Que podemos sentir? Em que podemos acreditar?
Estas duas realidades, que representam apenas uma amostra do que se passa pelo mundo, acontecem agora, em pleno séc. XXI. O primeiro caso num país que está há sete anos em guerra, quase destruído e com um povo que é massacrado todos os dias; a segunda situação ocorreu no estado do Alabama, nos EUA, país na vanguarda do desenvolvimento tecnológico, mas um dos que mais viola os direitos humanos, inclusivamente aplicando a pena de morte.
Não, eu não quero perder a fé na humanidade, mas a desumanidade que entra pelos nossos olhos é tanta, que abanamos como uma árvore perante um vento forte. Eu não quero generalizar este desencanto, nem sequer o medir, porque no meio desta frieza sei que ainda há calor humano, solidariedade e a capacidade de tantos em ajudar outros, minimizando situações extremas que vão ocorrendo.
Nestes dias não há poesia nem poemas, não há céu azul, ideias ou imaginação.
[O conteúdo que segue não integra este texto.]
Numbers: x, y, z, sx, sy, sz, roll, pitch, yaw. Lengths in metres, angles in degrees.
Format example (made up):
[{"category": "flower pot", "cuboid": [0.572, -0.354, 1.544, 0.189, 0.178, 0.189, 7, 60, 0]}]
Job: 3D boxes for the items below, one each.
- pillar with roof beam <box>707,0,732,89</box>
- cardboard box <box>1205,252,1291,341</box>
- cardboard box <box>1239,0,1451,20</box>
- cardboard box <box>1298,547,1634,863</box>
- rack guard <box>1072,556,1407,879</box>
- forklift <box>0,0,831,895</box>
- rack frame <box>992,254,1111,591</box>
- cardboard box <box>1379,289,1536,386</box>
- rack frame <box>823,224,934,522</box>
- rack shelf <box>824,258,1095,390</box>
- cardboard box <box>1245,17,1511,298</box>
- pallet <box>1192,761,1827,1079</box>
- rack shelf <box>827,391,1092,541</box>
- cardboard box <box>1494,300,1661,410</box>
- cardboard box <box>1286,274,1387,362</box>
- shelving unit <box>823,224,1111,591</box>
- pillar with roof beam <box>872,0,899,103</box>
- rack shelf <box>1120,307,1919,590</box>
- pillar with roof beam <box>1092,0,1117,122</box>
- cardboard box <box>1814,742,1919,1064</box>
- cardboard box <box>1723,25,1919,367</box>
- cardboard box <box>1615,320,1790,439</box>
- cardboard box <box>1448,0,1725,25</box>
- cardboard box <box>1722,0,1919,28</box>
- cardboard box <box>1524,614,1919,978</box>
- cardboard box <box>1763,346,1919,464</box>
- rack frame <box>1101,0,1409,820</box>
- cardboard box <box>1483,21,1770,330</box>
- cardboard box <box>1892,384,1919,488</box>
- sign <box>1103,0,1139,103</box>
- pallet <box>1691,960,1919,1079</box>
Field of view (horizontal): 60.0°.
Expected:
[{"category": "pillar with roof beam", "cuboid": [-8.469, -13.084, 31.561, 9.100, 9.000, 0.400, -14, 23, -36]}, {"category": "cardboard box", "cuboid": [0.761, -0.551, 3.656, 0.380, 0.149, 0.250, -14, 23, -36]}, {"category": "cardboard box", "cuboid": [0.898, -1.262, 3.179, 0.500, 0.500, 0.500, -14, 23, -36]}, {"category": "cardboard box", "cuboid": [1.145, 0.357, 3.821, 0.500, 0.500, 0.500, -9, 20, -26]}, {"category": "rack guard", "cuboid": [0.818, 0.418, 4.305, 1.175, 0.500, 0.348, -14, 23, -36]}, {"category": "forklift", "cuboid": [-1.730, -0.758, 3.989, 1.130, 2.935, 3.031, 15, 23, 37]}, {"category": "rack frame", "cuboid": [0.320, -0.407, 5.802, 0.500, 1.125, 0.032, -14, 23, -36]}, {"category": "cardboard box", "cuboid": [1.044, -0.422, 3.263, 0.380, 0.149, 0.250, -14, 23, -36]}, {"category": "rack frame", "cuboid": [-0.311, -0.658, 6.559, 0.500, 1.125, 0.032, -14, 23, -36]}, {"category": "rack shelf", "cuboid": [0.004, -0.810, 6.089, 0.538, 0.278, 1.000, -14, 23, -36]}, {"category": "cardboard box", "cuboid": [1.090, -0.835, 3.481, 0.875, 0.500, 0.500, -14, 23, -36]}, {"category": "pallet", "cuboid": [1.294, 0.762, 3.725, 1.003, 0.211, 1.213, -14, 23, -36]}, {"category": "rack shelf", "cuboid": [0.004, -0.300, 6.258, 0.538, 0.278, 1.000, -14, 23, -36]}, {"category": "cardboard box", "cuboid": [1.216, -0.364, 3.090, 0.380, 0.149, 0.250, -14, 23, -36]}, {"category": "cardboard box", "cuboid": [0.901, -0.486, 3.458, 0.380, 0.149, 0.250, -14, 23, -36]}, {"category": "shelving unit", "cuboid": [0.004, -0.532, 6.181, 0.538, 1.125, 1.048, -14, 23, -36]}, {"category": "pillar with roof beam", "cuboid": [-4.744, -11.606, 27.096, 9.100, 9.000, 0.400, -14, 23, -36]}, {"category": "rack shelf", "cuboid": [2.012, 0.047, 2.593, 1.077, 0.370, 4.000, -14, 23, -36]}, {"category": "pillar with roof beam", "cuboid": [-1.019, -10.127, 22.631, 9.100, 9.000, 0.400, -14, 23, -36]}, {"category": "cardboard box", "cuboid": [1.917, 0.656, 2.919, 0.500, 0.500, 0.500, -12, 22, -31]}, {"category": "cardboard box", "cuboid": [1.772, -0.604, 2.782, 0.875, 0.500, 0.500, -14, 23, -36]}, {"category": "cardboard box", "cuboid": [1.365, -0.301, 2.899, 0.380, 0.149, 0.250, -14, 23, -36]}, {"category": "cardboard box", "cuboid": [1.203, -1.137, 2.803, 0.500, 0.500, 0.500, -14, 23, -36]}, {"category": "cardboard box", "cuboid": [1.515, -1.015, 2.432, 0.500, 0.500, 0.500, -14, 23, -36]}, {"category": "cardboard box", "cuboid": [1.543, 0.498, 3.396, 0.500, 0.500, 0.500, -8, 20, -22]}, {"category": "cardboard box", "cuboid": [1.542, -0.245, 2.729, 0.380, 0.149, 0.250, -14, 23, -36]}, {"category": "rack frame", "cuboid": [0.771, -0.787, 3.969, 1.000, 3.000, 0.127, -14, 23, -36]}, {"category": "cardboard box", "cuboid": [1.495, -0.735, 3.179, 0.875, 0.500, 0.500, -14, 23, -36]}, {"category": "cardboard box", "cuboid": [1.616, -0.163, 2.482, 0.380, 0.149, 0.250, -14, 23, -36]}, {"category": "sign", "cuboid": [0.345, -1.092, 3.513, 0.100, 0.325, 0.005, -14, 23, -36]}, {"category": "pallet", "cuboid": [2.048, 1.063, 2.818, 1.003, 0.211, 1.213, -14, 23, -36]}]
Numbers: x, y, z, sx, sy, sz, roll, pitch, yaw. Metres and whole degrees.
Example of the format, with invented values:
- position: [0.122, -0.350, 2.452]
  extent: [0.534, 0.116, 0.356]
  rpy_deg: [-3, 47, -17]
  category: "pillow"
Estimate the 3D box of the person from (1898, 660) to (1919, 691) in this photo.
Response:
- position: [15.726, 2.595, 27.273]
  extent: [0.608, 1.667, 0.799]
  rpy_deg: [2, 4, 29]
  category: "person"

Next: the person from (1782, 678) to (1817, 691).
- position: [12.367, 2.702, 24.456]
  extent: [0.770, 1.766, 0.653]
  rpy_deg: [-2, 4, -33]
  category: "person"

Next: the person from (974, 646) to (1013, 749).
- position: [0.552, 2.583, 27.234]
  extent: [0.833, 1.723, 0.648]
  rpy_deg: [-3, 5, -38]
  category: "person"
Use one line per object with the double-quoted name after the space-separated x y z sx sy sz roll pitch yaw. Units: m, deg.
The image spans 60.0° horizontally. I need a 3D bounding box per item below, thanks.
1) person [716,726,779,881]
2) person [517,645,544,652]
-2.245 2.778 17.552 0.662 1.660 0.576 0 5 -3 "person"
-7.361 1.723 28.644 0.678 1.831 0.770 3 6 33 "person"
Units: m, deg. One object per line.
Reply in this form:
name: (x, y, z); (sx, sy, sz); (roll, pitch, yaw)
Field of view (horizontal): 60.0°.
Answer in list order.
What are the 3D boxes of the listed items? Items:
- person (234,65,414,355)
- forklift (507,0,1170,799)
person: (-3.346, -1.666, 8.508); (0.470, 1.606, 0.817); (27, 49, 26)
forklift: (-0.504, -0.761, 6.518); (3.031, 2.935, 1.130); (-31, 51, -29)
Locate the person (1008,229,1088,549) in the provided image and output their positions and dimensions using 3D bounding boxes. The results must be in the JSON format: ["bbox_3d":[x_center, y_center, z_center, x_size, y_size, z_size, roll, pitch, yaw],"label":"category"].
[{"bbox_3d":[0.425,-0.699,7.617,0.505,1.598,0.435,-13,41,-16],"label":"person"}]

Não há acreditar. Há imagens, reais como a que inseri no início deste post ou construídas a partir de palavras lidas, que se colam de tal forma à nossa mente que não deixam espaço para mais nada. Por vezes, até nos levam a pôr em causa o caminho que seguimos, pela “futilidade” que representa perante as realidades deste mundo.
Um dos meus lemas principais de vida é “tudo passa”. Porque a vida é dinâmica, não estagna e algo diferente virá a seguir, seja melhor ou pior. E nós adapta-mo-nos constantemente a essa mudança e a novos sentires. No presente, “a minha árvore” está triste e a abanar, mas preciso de acreditar que tudo vai passar e que as suas raízes são suficientemente profundas para a segurar.
Imagem retirada de
https://www.washingtonpost.com/world/middle_east/violence-rages-unabated-in-ghouta-as-syria-defies-un-ceasefire-resolution/2018/02/25/9a4fc244-1a51-11e8-98f5-ceecfa8741b6_story.html?utm_term=.66036eb939c2
de alguma maneira nossos posts se encontram. foi em função do desprezo pela vida humana, algo que testemunhei, que escrevi. e você faz um belo e consciente e sensível texto. mas, parece que mesmo que que nós possamos acreditar, a cada dia tudo parece piorar. mas, haveremos de vencer. muito obrigado, Dulce. o meu abraço.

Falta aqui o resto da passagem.